We also used the annotate function from ggplot2 to add the actual correlation coefficient. While this is not always necessary, it can be helpful as you start to visualize what different correlation coefficients look like in the a scatterplot.

Because scatterplots can be so useful, the following function allows you to quickly create a scatterplot between any two variables in a dataset along with its Pearson’s R correlation coefficient. Functions are something that are manually created that allows the user to do the same thing more quickly and efficiently. In this function, you have to specify 3 things:

  1. Name of the dataset
  2. Name of the y variable
  3. Name of the x variable

To get a function to work, you have to first load it into your R environment. After it is loaded, you simply have to call the function to work and specify the required information. Note this function is also saved as a stand alone file on our Canvas page.

scatter <- function(data, x, y) {
  # Ensure the variables exist in the data frame
  if(!(x %in% names(data)) | !(y %in% names(data))) {
    stop("The specified variables are not in the data frame.")
  }
  
  # Calculate Pearson's correlation
  correlation <- cor(data[[x]], data[[y]], use = "complete.obs")
  
  # Create the scatterplot
  plot <- ggplot(data, aes(x = .data[[x]], y = .data[[y]])) +
    geom_point() +  # Scatter plot points
    geom_smooth(method = "lm", se = FALSE, color = "blue") +  # Linear best fit line
    labs(
      title = paste("Scatterplot of", y, "vs", x),
      x = x,
      y = y
    ) +
    theme_minimal() +
    annotate("text", 
             x = Inf, y = -Inf, 
             label = paste("Pearson's r =", round(correlation, 2)),
             hjust = 1.1, vjust = -0.5, 
             size = 4, color = "red")
  
  return(plot)
}

scatter(mtcars, "mpg", "wt")
## `geom_smooth()` using formula = 'y ~ x'

# Example usage
# df <- data.frame(var1 = rnorm(100), var2 = rnorm(100))
# scatter(df, "var1", "var2")

Bivariate Linear Regression

Correlations are useful in that they statistically assess how two variables are related to each other. While the coefficient is useful to us, it does not tell us other information that can be useful in understanding how one variable influences another.

We turn to bivariate - meaning two variables - linear regression to better assess the real-world influence of some x on some y. Linear regression is one of most frequently used analytic approaches because of its simplicity yet strength.
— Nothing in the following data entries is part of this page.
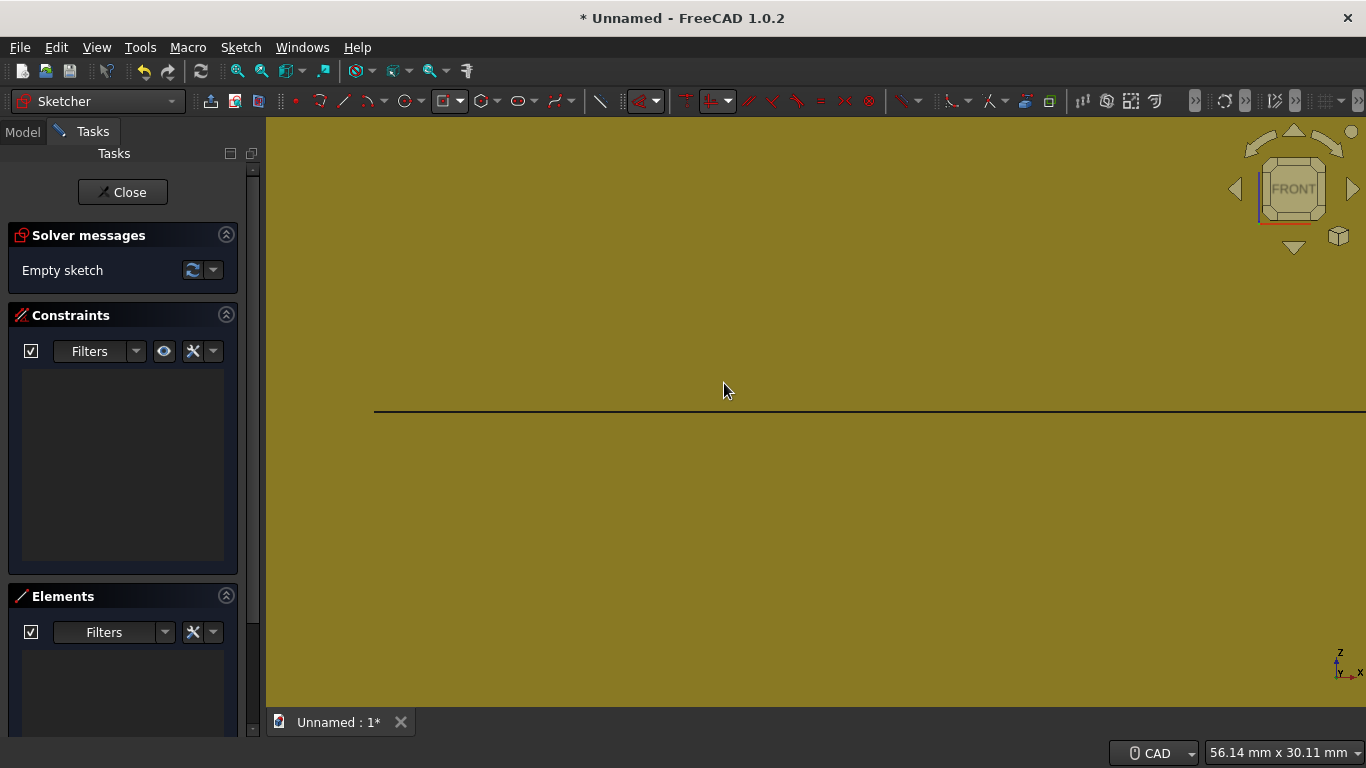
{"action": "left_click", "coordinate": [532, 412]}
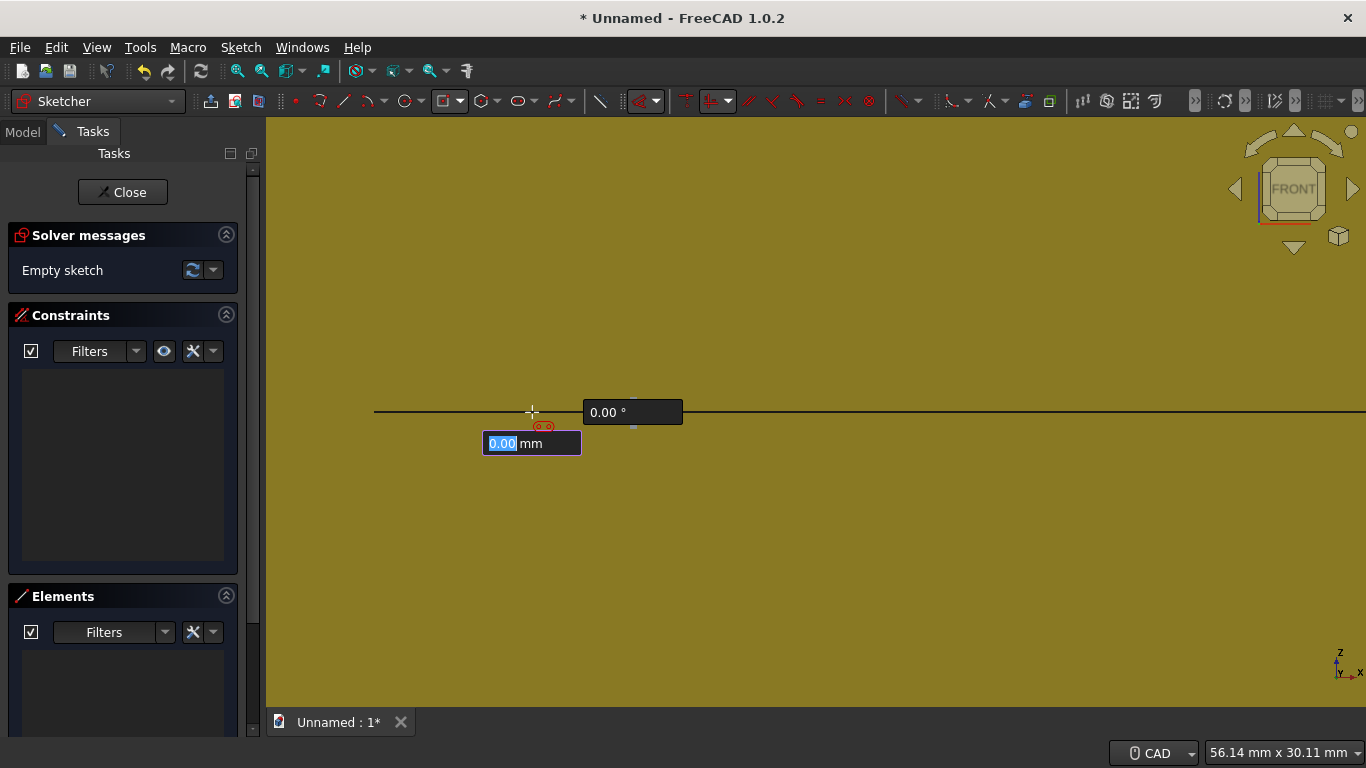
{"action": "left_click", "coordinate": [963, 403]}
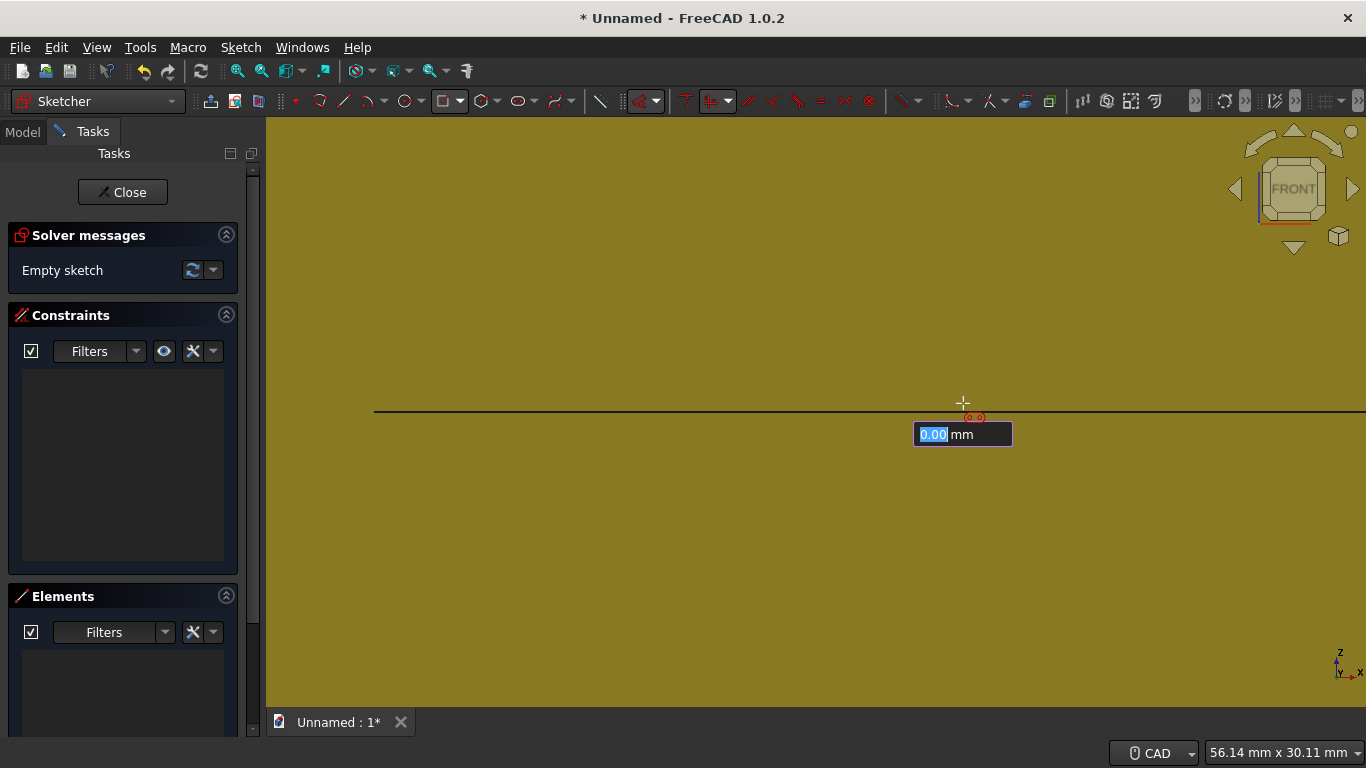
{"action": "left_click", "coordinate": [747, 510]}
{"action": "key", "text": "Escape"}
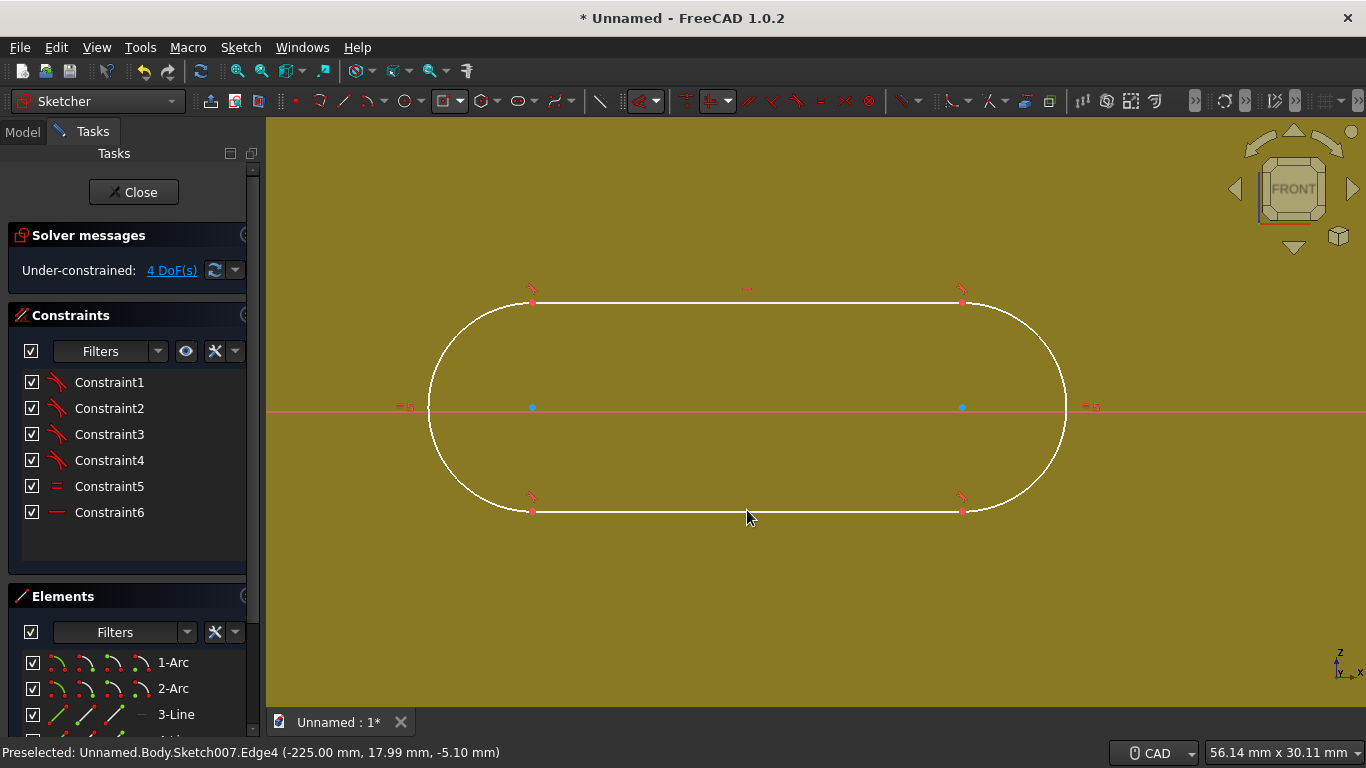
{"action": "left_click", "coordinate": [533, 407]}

As we will see, a linear regression provides us with additional information that correlation coefficients do not. Most notably, the beta weight which is the estimated real-world impact on expected y for increasing the x variable by 1 unit. This technique allows us to better understand the world and how variables are inter-related compared to correlations. Once again though, this is considered a correlational approach in most instances. You have to use theory and empirics to argue for causation with observational data.

Bivariate OLS: MPG and Horsepower

What is the estimated impact of increasing a car’s horsepower on the average miles per gallon for a car in the 1970s? Above we saw a strong correlation between the two variables of -.776 (Pearson’s R). While this reveals a strong relationship between the two, it does not tell us the real-world impact of increasing horsepower in a car on miles-per-gallon estimates. That number would be useful to car engineer’s working to increase MPG in their fleet.

Because we have already looked at the histograms and scatterplot for the two variables, we know that OLS is an appropriate modeling technique to use with these variable types.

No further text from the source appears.